> [Your task]
Copy every line of the data that contains the string "below".

> [Entries provided]

::::

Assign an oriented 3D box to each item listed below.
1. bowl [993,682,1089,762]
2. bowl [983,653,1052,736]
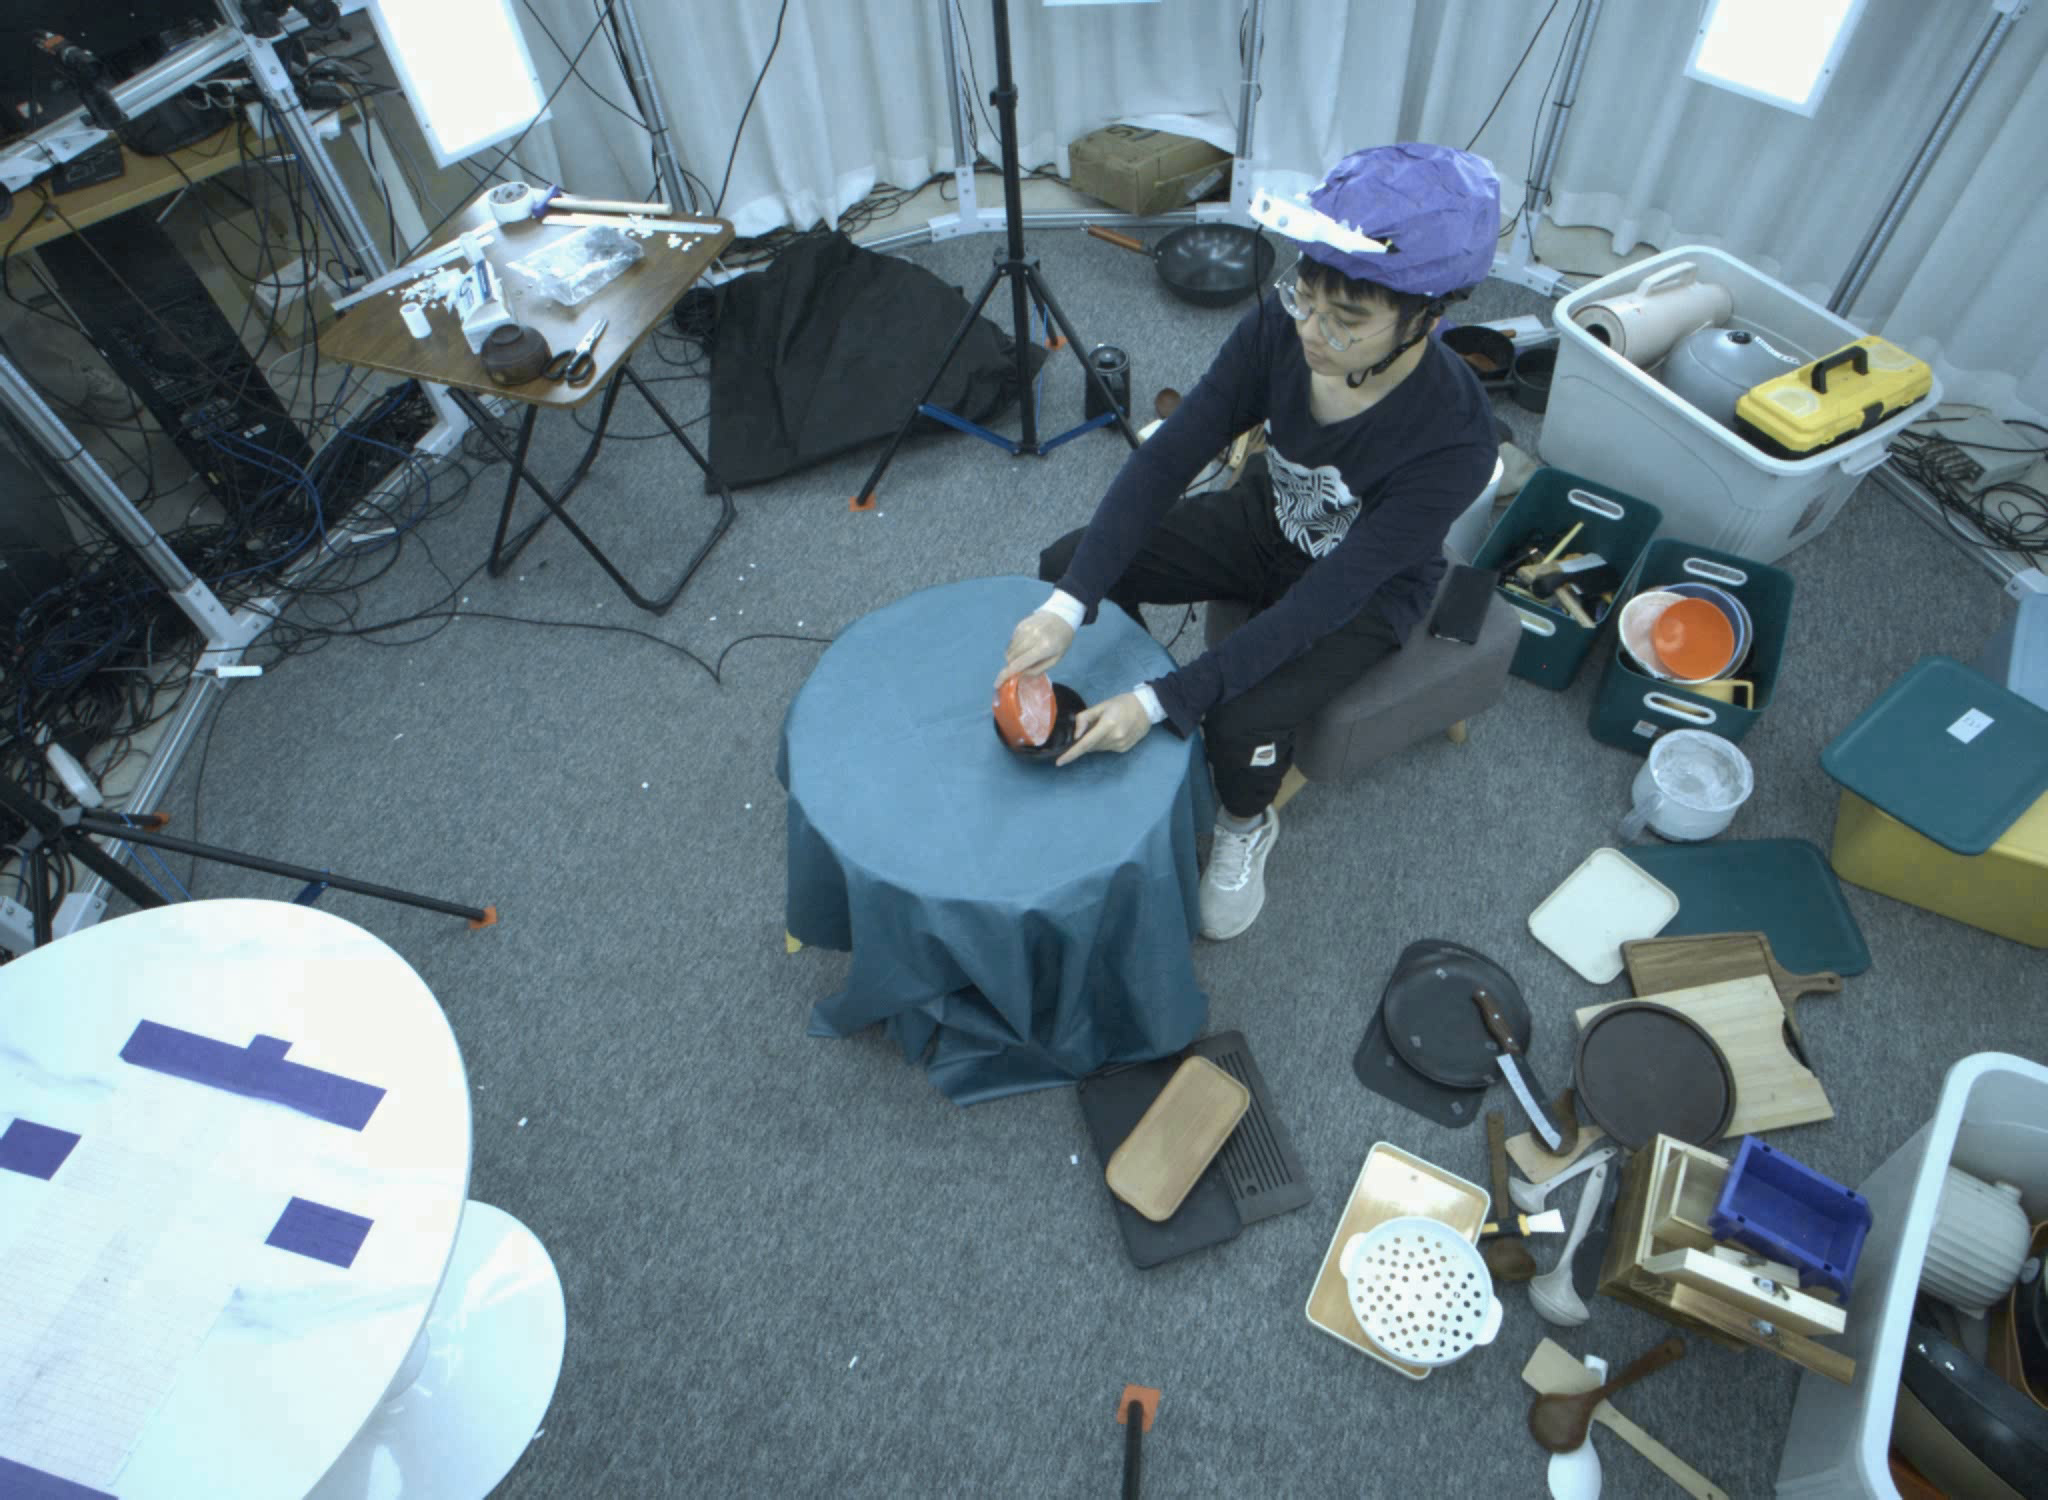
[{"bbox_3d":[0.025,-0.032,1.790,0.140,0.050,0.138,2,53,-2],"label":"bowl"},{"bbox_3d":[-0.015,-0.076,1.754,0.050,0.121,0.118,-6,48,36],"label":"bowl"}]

::::

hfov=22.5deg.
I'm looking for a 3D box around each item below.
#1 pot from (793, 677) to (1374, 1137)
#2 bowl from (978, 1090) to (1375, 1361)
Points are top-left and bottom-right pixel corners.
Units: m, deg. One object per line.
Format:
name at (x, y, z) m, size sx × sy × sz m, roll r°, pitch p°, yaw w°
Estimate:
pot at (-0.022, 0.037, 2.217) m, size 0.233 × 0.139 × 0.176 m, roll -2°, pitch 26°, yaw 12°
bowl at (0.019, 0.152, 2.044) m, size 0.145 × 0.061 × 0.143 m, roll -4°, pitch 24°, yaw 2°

::::

> [Solution to the exercise]
Assign an oriented 3D box to each item listed below.
I'm looking for a 3D box around each item below.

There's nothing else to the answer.